Now I hate myself, when 'tis clear this was not my fault at all,
Sorry, but could I ask you, if it is not much trouble,
To help me up from beneath this shattered rubble?
This was my house. It was once firm, gigantic, unbreakable.
Now this withered El Diablo has crumbled from that last fall.

Suddenly like it's my fault, I'm shrugged to the side,
As if I wanted all this, like it was my plan for us to go this way,
Ignoring, pretending it didn't happen, our tragic one-shot play.
I think it's called life...Struggling for a place to hide,
I searched for meaning and now I'm trapped inside.

Posted: Wed Apr 11, 2007 11:00 am
by Renegade_Turner
Is nobody really going to even look at the thing? :(

Posted: Wed Apr 11, 2007 12:47 pm
by Viking Zippy
I just had a good look at it, but I'm not much of a poem critic, so I couldn't make much of it :?

Seems good though :)

Posted: Wed Apr 11, 2007 12:50 pm
by Crill3
Wow, isn't that like the first time you use the :( smiley?

I read it. But as I've said before, I have no story/poem writing creativity
and I am incapable of giving good critique.
I'm better at drawing my thoughts.

Posted: Wed Apr 11, 2007 7:42 pm
by NickD
:lol: Same here... so just dont get offended when people don't comment on that type of stuff. Not many people commented on my Lugaru Music Mod :? ...

Posted: Wed Apr 11, 2007 8:07 pm
by Zaphon
Roses are red
Violets are blue
This line doesn't rhyme
Neither does this one


Seriously though, I liked your poem. It's very eloquent and has a nice flow.
Perhaps it’s slightly pretentious, but in a good way. :P

Posted: Wed Apr 11, 2007 9:41 pm
by Renegade_Turner
Lol. The rhyming scheme was ABBAA CDDCC etc. etc.

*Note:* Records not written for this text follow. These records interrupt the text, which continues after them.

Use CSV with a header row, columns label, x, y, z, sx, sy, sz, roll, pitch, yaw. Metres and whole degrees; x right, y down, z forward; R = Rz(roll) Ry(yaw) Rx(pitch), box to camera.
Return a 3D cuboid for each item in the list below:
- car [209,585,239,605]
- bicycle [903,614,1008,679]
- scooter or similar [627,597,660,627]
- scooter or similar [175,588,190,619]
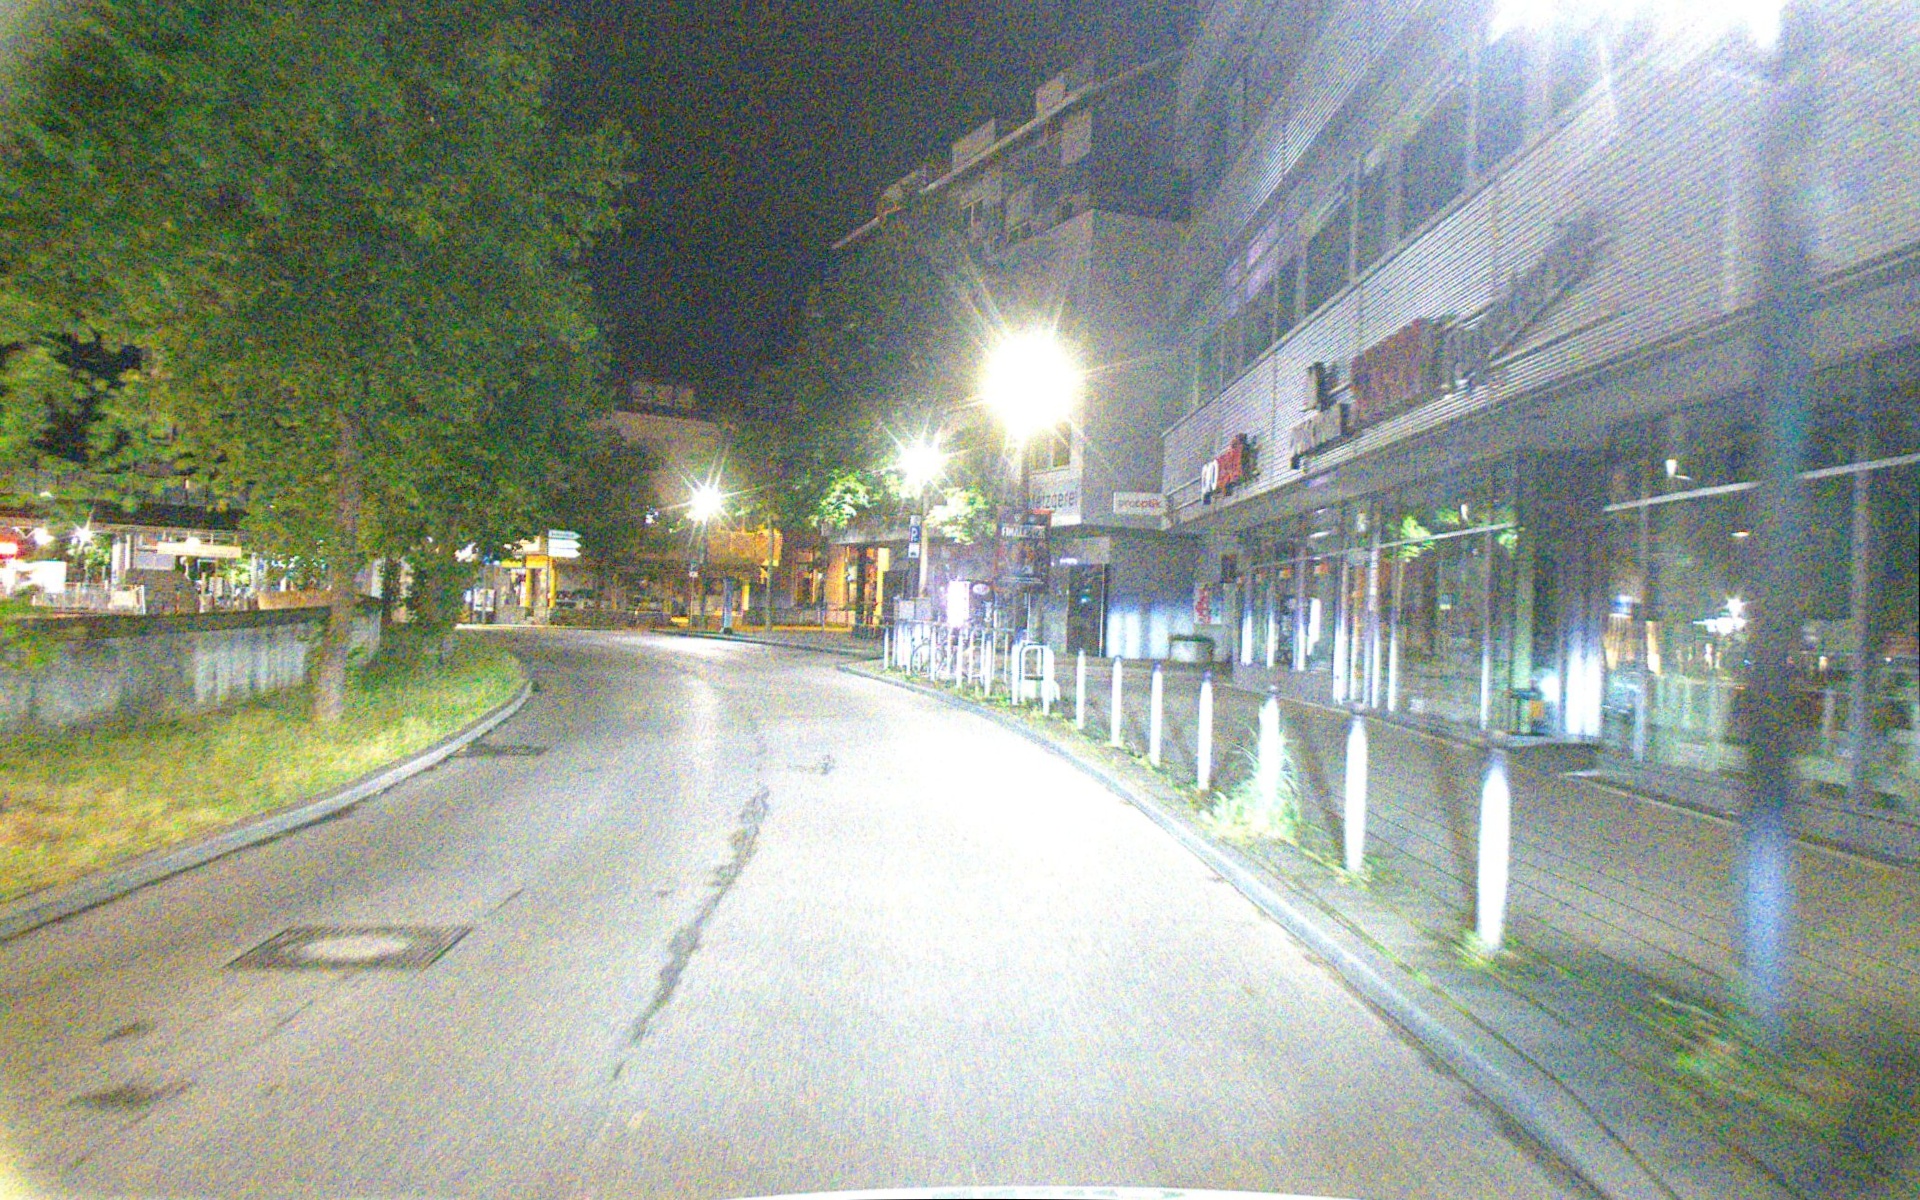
label,x,y,z,sx,sy,sz,roll,pitch,yaw
car,-62.539,-0.433,140.494,1.695,1.574,3.496,0,1,-35
bicycle,-0.074,0.830,29.441,1.727,1.081,0.650,2,0,-25
scooter or similar,-13.765,0.529,72.000,1.232,1.248,0.593,3,0,-28
scooter or similar,-34.042,0.149,72.376,0.426,1.307,1.133,0,1,-34

Pretentious how do you mean? You mean some of the language was fancy when it needn't have been? I don't see where you took that from.

Thanks for the comments everyone. :)

And Crill3, how did you actually know that was the first time I used that smiley? :shock:

Posted: Thu Apr 12, 2007 2:29 am
by Crill3
Because I know everything.

I dunno, I just saw "Renegade_Turner" and then ":("
and it seemed wrong.

Posted: Thu Apr 12, 2007 3:19 am
by Colicedus
Whoa... That to me seemed pretty dark, and very sad.
I loved it. Is that a Reflection of how you feel?

Posted: Thu Apr 12, 2007 7:18 pm
by Renegade_Turner
Yeah man, it was about my last relationship. She was my best friend and then I kinda just fell in love with her. She wasn't too happy though when I told her lol!

And Crill3, it's funny how you actually know my habits like that, because you were bang on with what you said. The ":(" smiley is very uncharacteristic of me.
I suppose, come to think of it, I do kind of know the personality traits of various people around here by now...

Posted: Thu Apr 12, 2007 7:19 pm
by Nayr
As robert frost once said, "a poem without meter is like a tennis match without a net."

That said, there's not much a person can do to critique a poem.

Posted: Thu Apr 12, 2007 7:22 pm
by NickD
:lol: 'Sept me... Nobody knows my real personality :P . All you know is that I use the :P and :lol: and :D smileys alot. But who knows... IRL I could be emo :shock: !

Posted: Thu Apr 12, 2007 7:44 pm
by Renegade_Turner
Nayr wrote:As robert frost once said, "a poem without meter is like a tennis match without a net."

That said, there's not much a person can do to critique a poem.
Well, if Robert Frost said that, that's a funny thing, because many of his poems, like the one about mending the wall (thin it was called "Mending Wall"), had a noticable absence of any recognisable meter. I don't get it.

You can critically analyze poems. It's all about peoples' opinions. It's what we do in poetry in English class. Personal responses to poetry etc. It's all valid as long as you have evidence and reason to back up your points.